Stored data
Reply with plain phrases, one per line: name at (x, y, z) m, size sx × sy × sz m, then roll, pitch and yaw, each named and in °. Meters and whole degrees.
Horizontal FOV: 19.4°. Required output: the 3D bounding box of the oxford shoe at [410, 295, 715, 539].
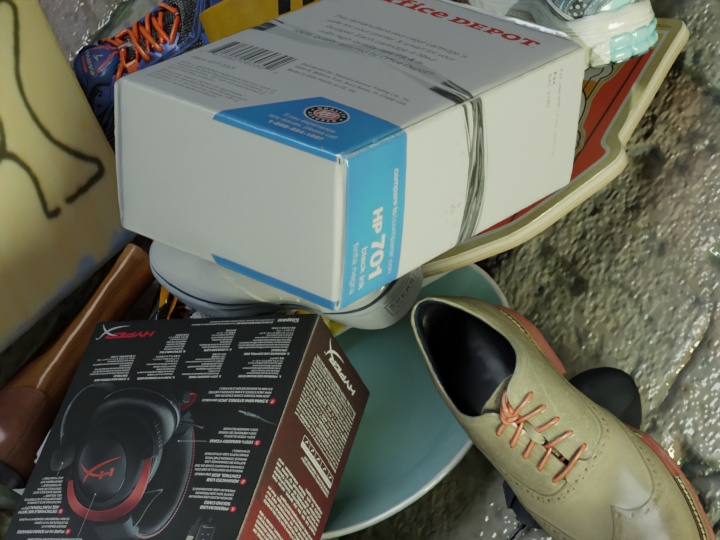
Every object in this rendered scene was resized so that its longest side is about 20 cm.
oxford shoe at (0.089, 0.086, 1.012) m, size 0.071 × 0.075 × 0.200 m, roll -52°, pitch 54°, yaw 9°

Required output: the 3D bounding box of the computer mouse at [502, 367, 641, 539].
computer mouse at (0.071, 0.129, 1.079) m, size 0.200 × 0.034 × 0.059 m, roll -53°, pitch 40°, yaw 6°

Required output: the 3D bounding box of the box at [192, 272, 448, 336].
box at (0.000, 0.000, 1.190) m, size 0.199 × 0.039 × 0.042 m, roll -30°, pitch 41°, yaw 6°

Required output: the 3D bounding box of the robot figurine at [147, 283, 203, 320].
robot figurine at (-0.086, -0.004, 1.292) m, size 0.145 × 0.058 × 0.201 m, roll 143°, pitch 146°, yaw -70°

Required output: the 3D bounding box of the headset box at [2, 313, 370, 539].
headset box at (-0.098, 0.124, 1.105) m, size 0.148 × 0.075 × 0.201 m, roll -4°, pitch 49°, yaw 29°

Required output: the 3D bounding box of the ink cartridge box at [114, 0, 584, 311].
ink cartridge box at (-0.003, -0.069, 1.056) m, size 0.146 × 0.200 × 0.086 m, roll 21°, pitch 121°, yaw 34°

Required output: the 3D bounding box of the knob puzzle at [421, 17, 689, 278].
knob puzzle at (0.061, -0.077, 1.169) m, size 0.218 × 0.031 × 0.221 m, roll -19°, pitch 42°, yaw 18°

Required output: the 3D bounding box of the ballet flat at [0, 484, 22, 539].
ballet flat at (-0.170, 0.210, 1.161) m, size 0.067 × 0.201 × 0.064 m, roll -30°, pitch 7°, yaw -12°

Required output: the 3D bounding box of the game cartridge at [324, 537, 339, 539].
game cartridge at (-0.066, 0.186, 1.133) m, size 0.132 × 0.042 × 0.201 m, roll -14°, pitch 41°, yaw -7°

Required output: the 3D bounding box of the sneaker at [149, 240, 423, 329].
sneaker at (-0.053, -0.018, 1.146) m, size 0.199 × 0.071 × 0.073 m, roll 4°, pitch 56°, yaw 45°

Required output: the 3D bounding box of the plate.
plate at (-0.002, 0.071, 1.172) m, size 0.199 × 0.026 × 0.201 m, roll -19°, pitch 42°, yaw 18°

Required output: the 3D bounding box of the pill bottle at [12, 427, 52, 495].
pill bottle at (-0.192, 0.201, 1.246) m, size 0.112 × 0.112 × 0.201 m, roll 17°, pitch 78°, yaw 50°

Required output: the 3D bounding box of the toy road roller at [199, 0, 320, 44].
toy road roller at (0.000, -0.179, 1.247) m, size 0.199 × 0.147 × 0.123 m, roll -21°, pitch 5°, yaw 8°

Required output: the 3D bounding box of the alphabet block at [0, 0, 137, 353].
alphabet block at (-0.295, -0.060, 1.388) m, size 0.195 × 0.201 × 0.195 m, roll -9°, pitch 25°, yaw 39°

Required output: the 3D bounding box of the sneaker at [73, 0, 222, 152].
sneaker at (-0.152, -0.132, 1.427) m, size 0.200 × 0.078 × 0.076 m, roll -50°, pitch 40°, yaw 30°

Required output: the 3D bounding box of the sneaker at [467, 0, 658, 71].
sneaker at (0.110, -0.180, 1.171) m, size 0.077 × 0.087 × 0.200 m, roll -16°, pitch 25°, yaw -13°

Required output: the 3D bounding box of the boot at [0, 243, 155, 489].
boot at (-0.215, 0.070, 1.380) m, size 0.201 × 0.068 × 0.188 m, roll -59°, pitch 7°, yaw -15°
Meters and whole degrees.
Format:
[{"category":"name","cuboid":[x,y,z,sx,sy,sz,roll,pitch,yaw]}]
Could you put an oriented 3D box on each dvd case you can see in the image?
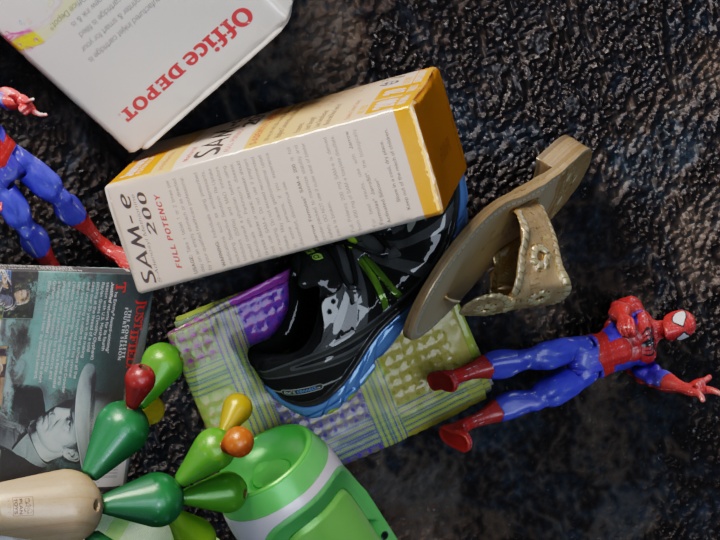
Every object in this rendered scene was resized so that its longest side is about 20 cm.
[{"category":"dvd case","cuboid":[-0.219,0.068,1.548,0.199,0.022,0.147,1,100,-39]}]

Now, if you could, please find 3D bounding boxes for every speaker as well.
[{"category":"speaker","cuboid":[-0.016,0.199,1.670,0.088,0.088,0.200,-36,115,-9]}]

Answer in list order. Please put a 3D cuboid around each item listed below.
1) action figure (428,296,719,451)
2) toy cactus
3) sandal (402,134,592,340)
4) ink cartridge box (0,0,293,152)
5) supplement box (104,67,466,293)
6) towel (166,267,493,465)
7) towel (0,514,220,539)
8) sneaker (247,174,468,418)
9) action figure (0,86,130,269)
[{"category":"action figure","cuboid":[0.156,0.066,1.691,0.199,0.099,0.066,-20,105,-28]},{"category":"toy cactus","cuboid":[-0.143,0.147,1.555,0.164,0.102,0.201,-1,95,-23]},{"category":"sandal","cuboid":[0.112,-0.012,1.641,0.069,0.078,0.212,31,47,15]},{"category":"ink cartridge box","cuboid":[-0.156,-0.194,1.546,0.146,0.083,0.200,-38,111,25]},{"category":"supplement box","cuboid":[-0.044,-0.058,1.571,0.199,0.126,0.074,-15,102,12]},{"category":"towel","cuboid":[-0.016,0.058,1.692,0.199,0.023,0.144,-25,106,-12]},{"category":"towel","cuboid":[-0.184,0.217,1.588,0.149,0.031,0.200,33,58,-7]},{"category":"sneaker","cuboid":[0.000,0.000,1.638,0.083,0.071,0.200,35,91,-25]},{"category":"action figure","cuboid":[-0.204,-0.051,1.551,0.065,0.099,0.200,-44,122,-9]}]
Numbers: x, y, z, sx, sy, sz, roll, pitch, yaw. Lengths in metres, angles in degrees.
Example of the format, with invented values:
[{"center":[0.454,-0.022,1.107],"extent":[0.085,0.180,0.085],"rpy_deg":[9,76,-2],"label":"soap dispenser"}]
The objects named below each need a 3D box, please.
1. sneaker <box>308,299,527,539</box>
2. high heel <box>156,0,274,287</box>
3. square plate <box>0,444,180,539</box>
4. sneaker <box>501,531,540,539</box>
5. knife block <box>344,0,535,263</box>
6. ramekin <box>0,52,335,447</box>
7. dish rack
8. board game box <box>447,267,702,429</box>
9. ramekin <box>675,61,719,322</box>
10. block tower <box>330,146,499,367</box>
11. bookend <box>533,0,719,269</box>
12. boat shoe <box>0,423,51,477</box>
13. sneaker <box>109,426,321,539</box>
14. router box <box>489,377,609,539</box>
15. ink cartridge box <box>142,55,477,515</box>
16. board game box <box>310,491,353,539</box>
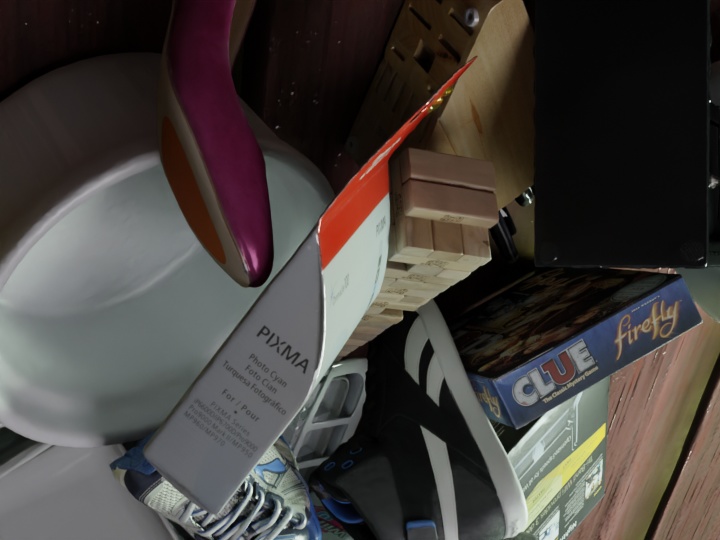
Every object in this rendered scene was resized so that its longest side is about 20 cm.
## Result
[{"center":[0.011,0.086,0.897],"extent":[0.112,0.200,0.073],"rpy_deg":[-19,148,-14],"label":"sneaker"},{"center":[-0.049,-0.091,0.651],"extent":[0.096,0.200,0.067],"rpy_deg":[-15,156,-19],"label":"high heel"},{"center":[-0.175,0.201,0.877],"extent":[0.200,0.028,0.198],"rpy_deg":[-25,105,19],"label":"square plate"},{"center":[0.050,0.255,0.947],"extent":[0.200,0.074,0.082],"rpy_deg":[-33,128,-3],"label":"sneaker"},{"center":[0.088,-0.094,0.874],"extent":[0.175,0.064,0.200],"rpy_deg":[-6,134,-37],"label":"knife block"},{"center":[-0.118,-0.014,0.755],"extent":[0.200,0.098,0.201],"rpy_deg":[-24,143,-19],"label":"ramekin"},{"center":[-0.089,0.127,0.949],"extent":[0.200,0.044,0.172],"rpy_deg":[-9,129,-49],"label":"dish rack"},{"center":[0.115,0.044,0.963],"extent":[0.135,0.200,0.035],"rpy_deg":[-29,99,-13],"label":"board game box"},{"center":[0.281,-0.052,0.966],"extent":[0.097,0.201,0.201],"rpy_deg":[-7,135,-25],"label":"ramekin"},{"center":[0.000,0.000,0.835],"extent":[0.058,0.054,0.200],"rpy_deg":[8,154,-27],"label":"block tower"},{"center":[0.167,-0.099,0.848],"extent":[0.200,0.092,0.199],"rpy_deg":[2,88,-69],"label":"bookend"},{"center":[-0.247,0.108,0.807],"extent":[0.200,0.067,0.074],"rpy_deg":[-36,144,-2],"label":"boat shoe"},{"center":[-0.065,0.125,0.817],"extent":[0.077,0.085,0.200],"rpy_deg":[-37,159,7],"label":"sneaker"},{"center":[0.104,0.154,1.044],"extent":[0.200,0.052,0.158],"rpy_deg":[-40,140,-37],"label":"router box"},{"center":[-0.005,0.000,0.672],"extent":[0.200,0.047,0.160],"rpy_deg":[-50,-179,19],"label":"ink cartridge box"},{"center":[-0.035,0.227,0.988],"extent":[0.200,0.064,0.148],"rpy_deg":[-12,118,-56],"label":"board game box"}]
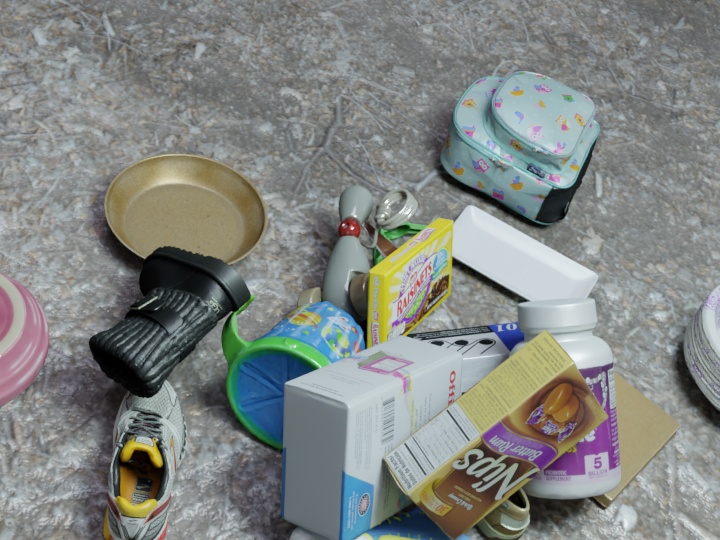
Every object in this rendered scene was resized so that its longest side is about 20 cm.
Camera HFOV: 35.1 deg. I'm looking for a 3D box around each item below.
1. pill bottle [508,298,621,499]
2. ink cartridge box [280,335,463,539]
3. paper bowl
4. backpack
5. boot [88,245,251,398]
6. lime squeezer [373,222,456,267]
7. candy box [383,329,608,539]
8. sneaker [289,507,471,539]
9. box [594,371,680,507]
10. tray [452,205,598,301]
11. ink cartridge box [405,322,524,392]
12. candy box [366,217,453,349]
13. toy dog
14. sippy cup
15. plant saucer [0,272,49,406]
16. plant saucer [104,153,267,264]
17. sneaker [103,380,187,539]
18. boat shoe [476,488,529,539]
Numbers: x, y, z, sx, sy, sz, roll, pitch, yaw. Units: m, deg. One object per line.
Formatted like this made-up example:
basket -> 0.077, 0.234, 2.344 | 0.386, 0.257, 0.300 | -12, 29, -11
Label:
pill bottle -> 0.215, 0.133, 1.210 | 0.112, 0.112, 0.201 | -6, 92, -22
ink cartridge box -> 0.015, 0.163, 1.137 | 0.084, 0.145, 0.200 | 14, 19, 36
paper bowl -> 0.496, 0.115, 1.402 | 0.199, 0.105, 0.201 | 9, 45, -9
backpack -> 0.216, -0.181, 1.566 | 0.199, 0.154, 0.176 | 22, 50, 13
boot -> -0.225, 0.052, 1.219 | 0.158, 0.211, 0.080 | -46, 112, -22
lime squeezer -> 0.045, -0.025, 1.453 | 0.071, 0.038, 0.200 | 54, 47, -9
candy box -> 0.133, 0.162, 1.098 | 0.200, 0.117, 0.057 | -38, 46, 2
sneaker -> 0.029, 0.280, 1.139 | 0.199, 0.076, 0.105 | 20, 29, -1
box -> 0.256, 0.164, 1.338 | 0.200, 0.021, 0.163 | 40, 49, 20
tray -> 0.204, -0.006, 1.484 | 0.199, 0.022, 0.107 | 30, 47, 11
ink cartridge box -> 0.150, 0.098, 1.305 | 0.199, 0.045, 0.094 | -5, 18, -10
candy box -> 0.060, 0.016, 1.328 | 0.026, 0.103, 0.200 | 9, 24, 25
toy dog -> 0.000, 0.000, 1.362 | 0.131, 0.096, 0.201 | 8, 58, 38
sippy cup -> -0.059, 0.104, 1.232 | 0.139, 0.179, 0.130 | -8, 26, 25
plant saucer -> -0.433, 0.062, 1.205 | 0.199, 0.051, 0.201 | 8, 46, -9
plant saucer -> -0.215, -0.064, 1.400 | 0.199, 0.036, 0.201 | 8, 47, -9
sneaker -> -0.211, 0.182, 1.137 | 0.077, 0.082, 0.201 | 5, 45, -11
boat shoe -> 0.121, 0.195, 1.230 | 0.071, 0.076, 0.200 | -22, 56, -30

• Prompt: Your reply should be one number: how many lines in the records contain "degrees".

• Solution to this exercise: 3